Everyone who administrates databases, large or small, will eventually encounter the need to copy data from one table to another. This often occurs in application development when tweaking data model designs, copying data stored in an existing table into a newly-created table. In such cases it is often also necessary to update the existing table with the row ID of the associated data in the new table. Consider the following example:
Joe maintains a database for customer information. His database includes a table for his customers’ personal information (named Personal) as well as a table for their business information (named Business). Both tables include many similar columns (street_address, city, state, zip), and Joe realizes that it is better to contain this info in a new table called
Addresses. He decides to create a new column in both the Personal and Business tables which will store the ID of the corresponding row in the new Addresses table.

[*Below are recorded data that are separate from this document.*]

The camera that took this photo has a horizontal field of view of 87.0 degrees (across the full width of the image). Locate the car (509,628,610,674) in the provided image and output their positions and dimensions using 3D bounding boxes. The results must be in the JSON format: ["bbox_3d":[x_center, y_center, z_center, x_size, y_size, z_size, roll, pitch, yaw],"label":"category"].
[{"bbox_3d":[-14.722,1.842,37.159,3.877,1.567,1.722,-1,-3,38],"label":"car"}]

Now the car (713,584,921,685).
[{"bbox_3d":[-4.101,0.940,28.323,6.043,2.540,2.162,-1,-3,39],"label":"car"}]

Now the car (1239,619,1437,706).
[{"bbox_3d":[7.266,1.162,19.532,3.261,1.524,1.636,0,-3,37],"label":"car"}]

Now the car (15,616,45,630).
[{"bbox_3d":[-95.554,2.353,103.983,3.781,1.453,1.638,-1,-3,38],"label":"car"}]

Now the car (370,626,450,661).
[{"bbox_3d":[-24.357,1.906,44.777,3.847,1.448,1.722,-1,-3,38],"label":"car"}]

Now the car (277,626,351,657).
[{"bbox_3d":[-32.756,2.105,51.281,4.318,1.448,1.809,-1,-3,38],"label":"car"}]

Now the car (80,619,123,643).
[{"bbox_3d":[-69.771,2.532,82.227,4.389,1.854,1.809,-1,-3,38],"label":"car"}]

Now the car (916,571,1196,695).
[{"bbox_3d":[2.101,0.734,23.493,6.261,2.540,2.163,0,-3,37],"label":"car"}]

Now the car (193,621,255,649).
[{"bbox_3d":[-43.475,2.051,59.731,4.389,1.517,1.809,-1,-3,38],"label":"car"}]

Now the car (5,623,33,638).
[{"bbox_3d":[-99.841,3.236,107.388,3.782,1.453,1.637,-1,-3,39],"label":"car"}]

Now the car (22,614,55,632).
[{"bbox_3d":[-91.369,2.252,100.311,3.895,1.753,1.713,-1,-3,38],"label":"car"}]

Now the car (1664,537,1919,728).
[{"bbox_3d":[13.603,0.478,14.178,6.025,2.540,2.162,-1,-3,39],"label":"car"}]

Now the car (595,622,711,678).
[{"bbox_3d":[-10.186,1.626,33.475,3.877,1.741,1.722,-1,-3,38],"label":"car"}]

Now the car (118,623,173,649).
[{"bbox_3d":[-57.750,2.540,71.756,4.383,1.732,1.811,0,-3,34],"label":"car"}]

Now, Joe has to figure out how to copy the data from the existing tables into the new table. Being an application developer used to control flow structures, he conceives a loop that parses each row, copies the data from A to B, then updates the old row with the last insert ID. He sets out to find the syntax to perform loops in MySQL, but he comes away confused and dejected. That’s because although MySQL provides loop functionality through cursors, Joe has learned that cursors are inefficient, difficult to implement, and inflexible. Joe decides that there must be a better way to move his data.
Joe calls his database admin friend, Pete, and explains what he wants to do. After spending five minutes nitpicking the semantics of Joe’s explanation, Pete offers a clever solution:
“Just copy the existing row ID into a throwaway column in the new table, then perform a multi-table update to update the new ID field in the old table. Pfft…developers.”

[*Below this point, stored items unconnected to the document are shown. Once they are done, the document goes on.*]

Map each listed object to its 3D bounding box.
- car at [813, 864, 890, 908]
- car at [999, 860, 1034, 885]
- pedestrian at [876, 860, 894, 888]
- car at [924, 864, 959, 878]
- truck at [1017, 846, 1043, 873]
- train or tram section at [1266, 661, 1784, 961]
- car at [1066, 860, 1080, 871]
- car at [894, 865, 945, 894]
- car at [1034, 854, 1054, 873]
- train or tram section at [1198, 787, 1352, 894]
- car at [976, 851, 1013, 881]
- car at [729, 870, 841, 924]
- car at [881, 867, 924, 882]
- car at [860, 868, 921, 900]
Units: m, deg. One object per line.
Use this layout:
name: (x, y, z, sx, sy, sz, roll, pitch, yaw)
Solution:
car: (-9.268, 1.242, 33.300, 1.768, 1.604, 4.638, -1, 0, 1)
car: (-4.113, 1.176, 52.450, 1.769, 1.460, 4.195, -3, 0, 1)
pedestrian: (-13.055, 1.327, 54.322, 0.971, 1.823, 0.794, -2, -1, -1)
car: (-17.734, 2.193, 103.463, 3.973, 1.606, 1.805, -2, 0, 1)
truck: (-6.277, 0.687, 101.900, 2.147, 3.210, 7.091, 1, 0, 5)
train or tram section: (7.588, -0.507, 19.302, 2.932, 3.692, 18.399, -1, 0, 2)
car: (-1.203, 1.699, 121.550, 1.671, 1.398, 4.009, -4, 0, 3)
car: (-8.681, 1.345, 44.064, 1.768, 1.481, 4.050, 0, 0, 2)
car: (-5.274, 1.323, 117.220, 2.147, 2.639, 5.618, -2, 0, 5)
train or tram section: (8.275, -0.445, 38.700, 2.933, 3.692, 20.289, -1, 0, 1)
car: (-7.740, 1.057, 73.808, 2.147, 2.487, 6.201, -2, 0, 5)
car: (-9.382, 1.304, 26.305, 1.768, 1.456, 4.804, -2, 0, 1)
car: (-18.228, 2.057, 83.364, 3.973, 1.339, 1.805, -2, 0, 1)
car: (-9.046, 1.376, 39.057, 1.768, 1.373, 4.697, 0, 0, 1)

A good developer, fluent in the best practices of procedural programming, would consider this approach to be a hack. But in the world of relational databases, it’s how to get things done. Here’s the code:
# create a new temporary column to store the existing row ID ALTER TABLE Addresses ADD old_id INT(11); # copy the data INSERT INTO Addresses (street_address, city, state, zip) SELECT street_address, city, state, zip FROM Personal; # match the rows using the ID stored in the temporary column # then update the new_id field in the old table UPDATE Addresses, Personal SET Personal.new_id = Addresses.id WHERE Personal.id = Addresses.old_id; # delete the temporary column ALTER TABLE Addresses DROP old_id;
To copy rows from both existing tables at once, add a UNION clause:
# copy the data INSERT INTO Addresses (street_address, city, state, zip) SELECT street_address, city, state, zip FROM Personal; UNION SELECT street_address, city, state, zip FROM Business;
Obviously, these queries may be adapted to include transformations, joins, or any other necessary operations.
So, the big lesson that we learned along with Joe today is that when application developers get their hands dirty in the database, it often requires a retooling of the way we think, not just a syntax reference.